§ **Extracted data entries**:
◇ ◇ ◇ ◇

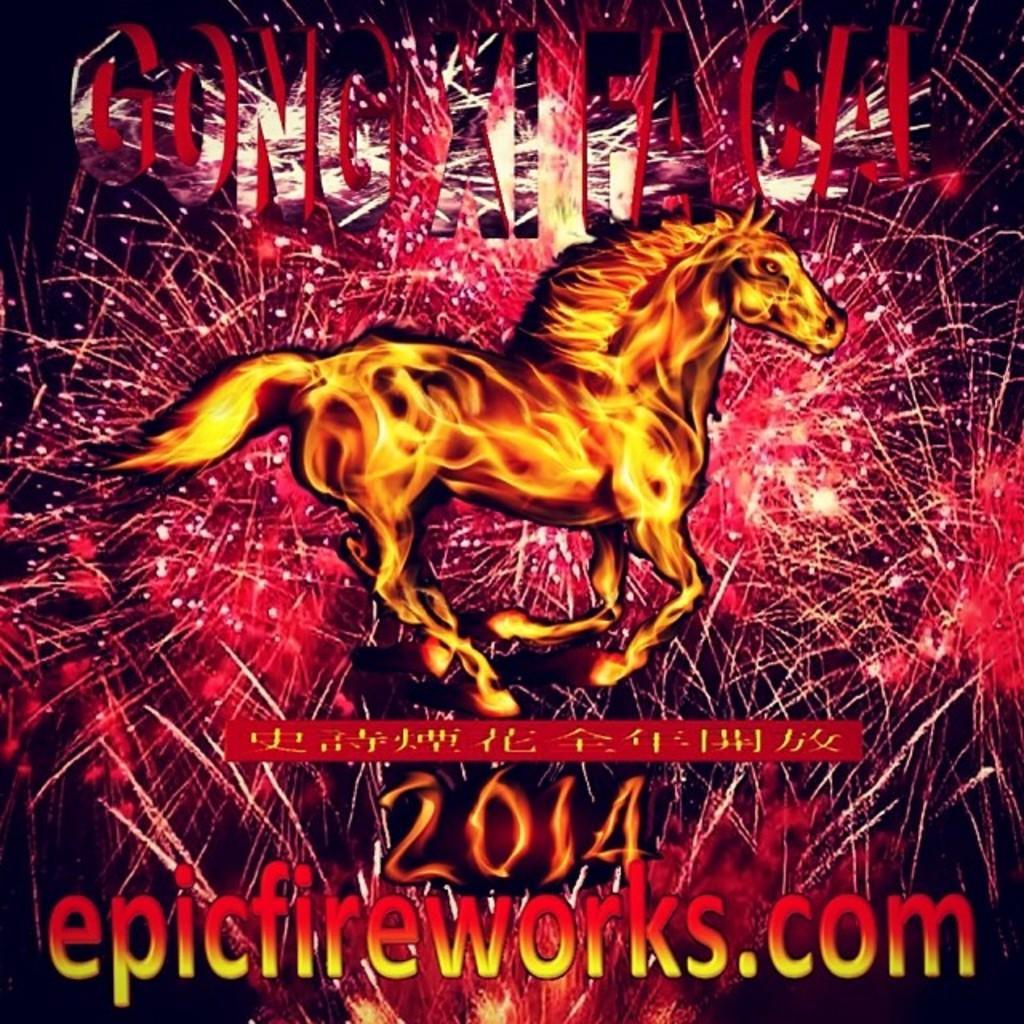Can you describe this image briefly? This is a poster. We can see a horse on this poster. There is a watermark. 
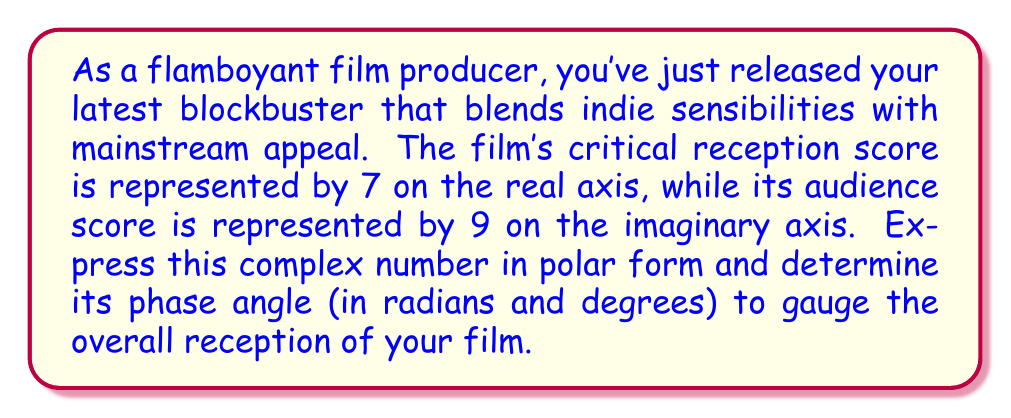Solve this math problem. Let's approach this step-by-step:

1) The complex number representing the film's reception is $z = 7 + 9i$.

2) To convert this to polar form, we need to find the modulus (r) and the phase angle (θ).

3) The modulus is calculated using the Pythagorean theorem:
   $$r = \sqrt{a^2 + b^2} = \sqrt{7^2 + 9^2} = \sqrt{130}$$

4) The phase angle θ is calculated using the arctangent function:
   $$\theta = \tan^{-1}\left(\frac{b}{a}\right) = \tan^{-1}\left(\frac{9}{7}\right)$$

5) Using a calculator or mathematical software:
   $$\theta \approx 0.9097 \text{ radians}$$

6) To convert radians to degrees, multiply by $\frac{180°}{\pi}$:
   $$\theta \approx 0.9097 \times \frac{180°}{\pi} \approx 52.13°$$

7) Therefore, the complex number in polar form is:
   $$z = \sqrt{130} (\cos(0.9097) + i \sin(0.9097))$$
   or
   $$z = \sqrt{130} e^{0.9097i}$$

The phase angle represents the balance between critical reception and audience score. An angle closer to 0° would indicate stronger critical reception, while an angle closer to 90° would indicate stronger audience reception.
Answer: The phase angle is approximately 0.9097 radians or 52.13°.

◇ ◇ ◇ ◇

§ **EXERCISE OBJECTIVE**: State how many lines in the records above contain the word "sqrt", giving only the number.

§ **THE ANSWER**: 3